- _PROBLEM STATEMENT_: Extract only the lines running from the top of the entries to the line that holds "6) snack box from (0, 146) to (291, 257)". Include that line and omit the pictures.
####
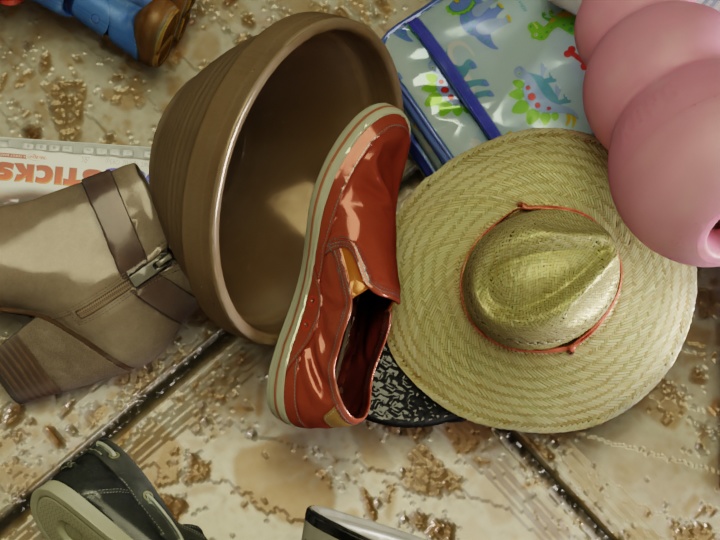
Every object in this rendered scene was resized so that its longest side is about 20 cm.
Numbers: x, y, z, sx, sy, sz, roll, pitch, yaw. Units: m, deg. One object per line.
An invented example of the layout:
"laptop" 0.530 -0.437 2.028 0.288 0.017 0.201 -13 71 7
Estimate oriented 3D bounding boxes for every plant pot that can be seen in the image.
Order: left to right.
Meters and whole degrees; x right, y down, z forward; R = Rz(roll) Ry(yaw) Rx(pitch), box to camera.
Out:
"plant pot" -0.064 -0.063 1.319 0.092 0.201 0.202 17 67 29

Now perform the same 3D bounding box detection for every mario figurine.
"mario figurine" -0.204 -0.213 1.419 0.199 0.123 0.107 22 88 0

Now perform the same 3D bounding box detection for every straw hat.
"straw hat" 0.108 0.005 1.302 0.199 0.085 0.203 0 84 0

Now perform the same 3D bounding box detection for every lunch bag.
"lunch bag" 0.111 -0.097 1.415 0.160 0.083 0.201 -29 73 -10

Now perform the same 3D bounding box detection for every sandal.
"sandal" 0.065 0.064 1.375 0.198 0.045 0.076 -1 74 -16

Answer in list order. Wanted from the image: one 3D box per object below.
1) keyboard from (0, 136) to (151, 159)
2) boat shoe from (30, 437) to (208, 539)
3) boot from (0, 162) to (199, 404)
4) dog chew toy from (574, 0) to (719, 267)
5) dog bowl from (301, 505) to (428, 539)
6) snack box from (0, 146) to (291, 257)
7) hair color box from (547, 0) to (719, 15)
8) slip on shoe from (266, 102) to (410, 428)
"keyboard" -0.143 -0.053 1.419 0.198 0.011 0.057 4 69 -2
"boat shoe" -0.105 0.183 1.304 0.200 0.072 0.068 43 48 7
"boot" -0.195 -0.019 1.348 0.146 0.070 0.201 -35 104 2
"dog chew toy" 0.188 -0.101 1.294 0.124 0.125 0.201 -17 56 -9
"dog bowl" 0.050 0.202 1.244 0.199 0.200 0.074 21 87 4
"snack box" -0.146 -0.035 1.397 0.198 0.024 0.073 5 82 -2
"hair color box" 0.226 -0.179 1.395 0.199 0.099 0.061 24 42 -22
"slip on shoe" 0.000 0.000 1.304 0.061 0.074 0.202 13 86 32
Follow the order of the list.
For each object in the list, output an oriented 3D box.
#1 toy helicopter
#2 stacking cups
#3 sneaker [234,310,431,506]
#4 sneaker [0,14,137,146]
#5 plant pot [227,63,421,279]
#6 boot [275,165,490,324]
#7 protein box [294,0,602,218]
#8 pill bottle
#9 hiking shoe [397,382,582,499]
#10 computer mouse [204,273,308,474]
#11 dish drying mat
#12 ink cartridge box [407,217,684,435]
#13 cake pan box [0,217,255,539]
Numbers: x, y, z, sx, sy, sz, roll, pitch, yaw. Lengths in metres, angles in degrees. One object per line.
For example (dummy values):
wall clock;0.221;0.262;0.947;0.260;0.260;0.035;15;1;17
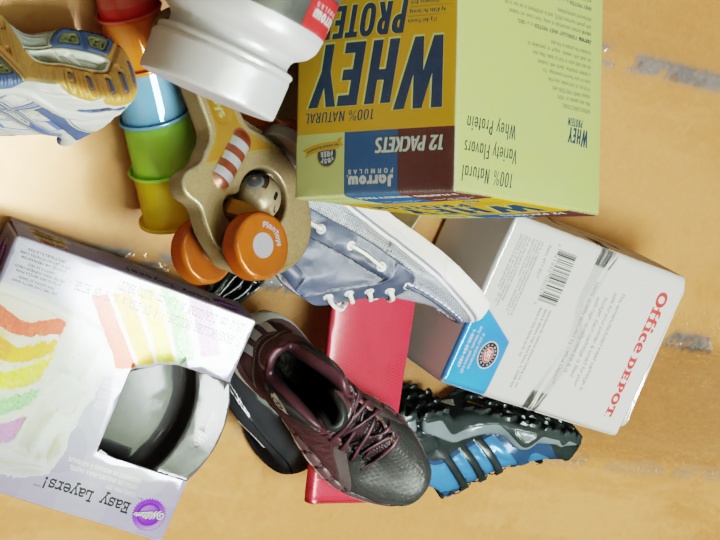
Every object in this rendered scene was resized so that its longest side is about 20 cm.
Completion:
toy helicopter;-0.086;-0.094;1.470;0.132;0.079;0.201;-32;107;-37
stacking cups;-0.149;-0.128;1.489;0.060;0.060;0.201;-22;114;-23
sneaker;-0.014;0.117;1.560;0.200;0.115;0.076;42;86;-19
sneaker;-0.248;-0.124;1.401;0.199;0.076;0.088;17;139;-35
plant pot;-0.027;-0.088;1.595;0.199;0.027;0.201;-12;114;-28
boot;0.000;0.000;1.574;0.200;0.073;0.090;38;82;-19
protein box;0.065;-0.143;1.491;0.198;0.135;0.201;6;85;-54
pill bottle;-0.060;-0.206;1.380;0.114;0.114;0.201;23;90;-37
hiking shoe;0.086;0.144;1.741;0.199;0.074;0.087;7;113;-24
computer mouse;-0.092;0.102;1.618;0.140;0.046;0.200;-36;124;-17
dish drying mat;0.000;0.082;1.638;0.077;0.018;0.201;3;99;-33
ink cartridge box;0.147;0.035;1.718;0.200;0.084;0.146;19;97;-37
cake pan box;-0.194;0.083;1.520;0.199;0.052;0.185;22;99;-23
####
- _COMPLETED TASK_:
Every object in this rendered scene was resized so that its longest side is about 20 cm.
Numbers: x, y, z, sx, sy, sz, roll, pitch, yaw. Units: m, deg. One object per line.
An invented example of the layout:
"laptop" 0.530 -0.437 2.028 0.288 0.017 0.201 -13 71 7
Estimate oriented 3D bounding boxes for every plant pot that can be seen in the image.
Order: left to right.
Meters and whole degrees; x right, y down, z forward; R = Rz(roll) Ry(yaw) Rx(pitch), box to camera.
Out:
"plant pot" -0.064 -0.063 1.319 0.092 0.201 0.202 17 67 29

Now perform the same 3D bounding box detection for every mario figurine.
"mario figurine" -0.204 -0.213 1.419 0.199 0.123 0.107 22 88 0

Now perform the same 3D bounding box detection for every straw hat.
"straw hat" 0.108 0.005 1.302 0.199 0.085 0.203 0 84 0

Now perform the same 3D bounding box detection for every lunch bag.
"lunch bag" 0.111 -0.097 1.415 0.160 0.083 0.201 -29 73 -10

Now perform the same 3D bounding box detection for every sandal.
"sandal" 0.065 0.064 1.375 0.198 0.045 0.076 -1 74 -16

Answer in list order. Wanted from the image: one 3D box per object below.
1) keyboard from (0, 136) to (151, 159)
2) boat shoe from (30, 437) to (208, 539)
3) boot from (0, 162) to (199, 404)
4) dog chew toy from (574, 0) to (719, 267)
5) dog bowl from (301, 505) to (428, 539)
6) snack box from (0, 146) to (291, 257)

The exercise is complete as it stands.